Abstrak
Latar Belakang: Stroke dan cedera kepala merupakan penyebab utama kecacatan yang sering disertai lama rawat inap memanjang dan kejadian readmisi akibat kompleksitas kondisi neurologis. Discharge planning berperan penting dalam menjamin continuity of care, namun kepatuhan dokumentasinya di RS Awal Bros Pekanbaru masih belum optimal. Tujuan: Menganalisis hubungan kepatuhan dokumentasi discharge planning berdasarkan model METHOD dan IDEAL dengan lama rawat inap serta readmisi 30 hari pada pasien stroke dan cedera kepala. Metode: Penelitian kuantitatif observasional analitik dengan desain retrospektif cross-sectional menggunakan data sekunder rekam medis terhadap 111 pasien stroke dan cedera kepala yang dirawat pada Oktober–Desember 2025. Analisis dilakukan menggunakan uji Spearman, Mann–Whitney, Kruskal–Wallis, regresi linier, dan regresi logistik. Triangulasi sumber melalui wawancara konfirmatorik kepada petugas dilakukan untuk memvalidasi implementasi discharge planning. Hasil: Sebagian besar dokumentasi discharge planning berdasarkan model METHOD berada pada kategori rendah (51,4%), sedangkan model IDEAL sebesar 44,1%. Skor IDEAL berhubungan lemah dengan lama rawat inap (r=0,194; p=0,042), sedangkan model METHOD tidak menunjukkan hubungan yang bermakna. Kedua model tidak berhubungan signifikan dengan readmisi 30 hari (p>0,05). Analisis multivariat menunjukkan bahwa komorbiditas dan ketergantungan penuh merupakan faktor yang berhubungan signifikan dengan lama rawat inap. Hasil triangulasi mengonfirmasi bahwa discharge planning telah dilaksanakan secara rutin, namun dokumentasinya belum optimal, terutama pada aspek edukasi, manajemen obat, dan diet. Kesimpulan: Kepatuhan dokumentasi discharge planning berhubungan lemah dengan lama rawat inap, tetapi tidak dengan readmisi 30 hari. Faktor klinis pasien lebih dominan memengaruhi lama rawat inap. Penguatan dokumentasi dan koordinasi multidisiplin diperlukan untuk meningkatkan mutu pelayanan transisi pasien. Kata Kunci: discharge planning, lama rawat inap, readmisi, stroke, cedera kepala.

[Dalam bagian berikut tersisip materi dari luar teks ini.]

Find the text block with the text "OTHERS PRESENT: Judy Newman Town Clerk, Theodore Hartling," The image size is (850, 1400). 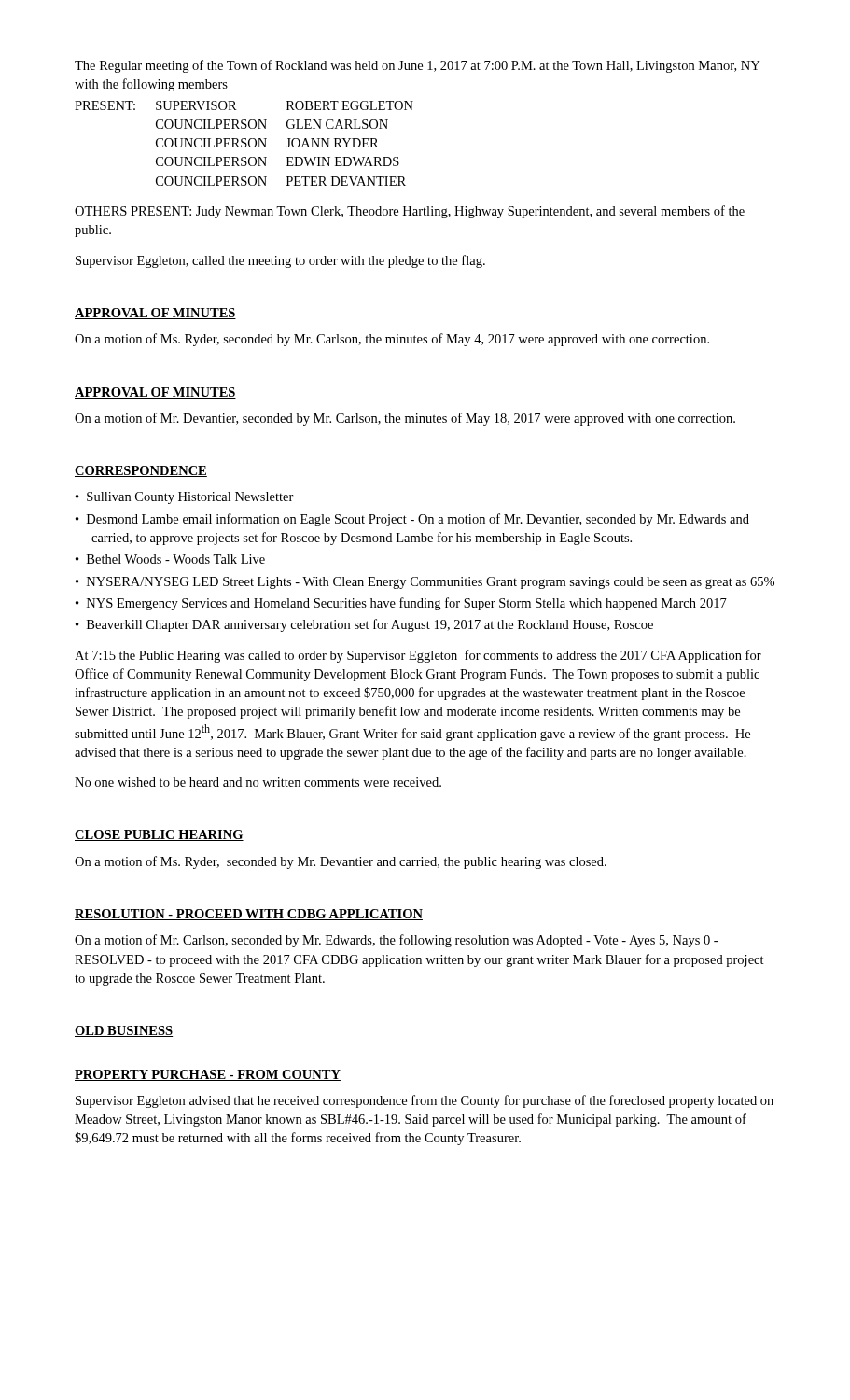coord(410,220)
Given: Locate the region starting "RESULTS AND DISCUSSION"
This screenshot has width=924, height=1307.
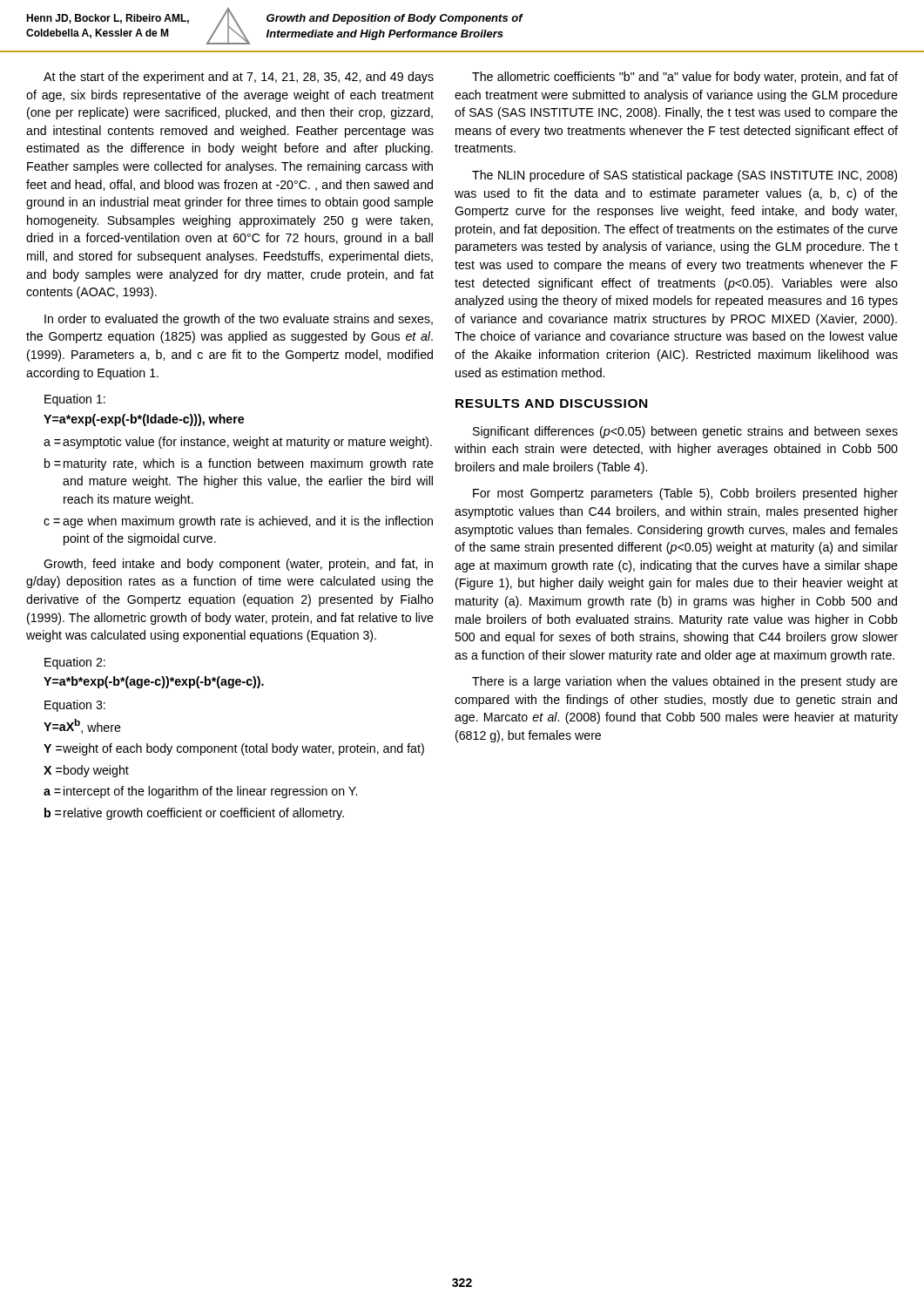Looking at the screenshot, I should [x=551, y=403].

Background: Stroke and traumatic brain injury are associated with prolonged hospital stay and hospital readmission. Effective discharge planning is essential to ensure continuity of care, yet documentation compliance at Awal Bros Hospital Pekanbaru remains suboptimal. Objective: To analyze the association between discharge planning documentation compliance based on the METHOD and IDEAL models and length of hospital stay and 30-day readmission. Methods: A quantitative analytical study with a retrospective cross-sectional design was conducted using medical records of 111 stroke and traumatic brain injury patients hospitalized between October and December 2025. Data were analyzed using Spearman's correlation, Mann–Whitney U, Kruskal–Wallis, multiple linear regression, and logistic regression. Source triangulation through confirmatory interviews with healthcare professionals was performed to validate discharge planning implementation. Results: Poor documentation was found in 51.4% of METHOD and 44.1% of IDEAL assessments. The IDEAL score showed a weak association with length of hospital stay (r=0.194; p=0.042), while neither model was associated with 30-day readmission (p>0.05). Comorbidity and complete functional dependence were significant predictors of prolonged hospitalization. Triangulation confirmed that discharge planning was routinely implemented, although documentation remained incomplete. Conclusions: Discharge planning documentation was weakly associated with length of hospital stay but not with 30-day readmission. Improving documentation quality and multidisciplinary coordination may enhance transitional care. Keywords: discharge planning, length of stay, 30-day readmission, stroke, traumatic brain injury.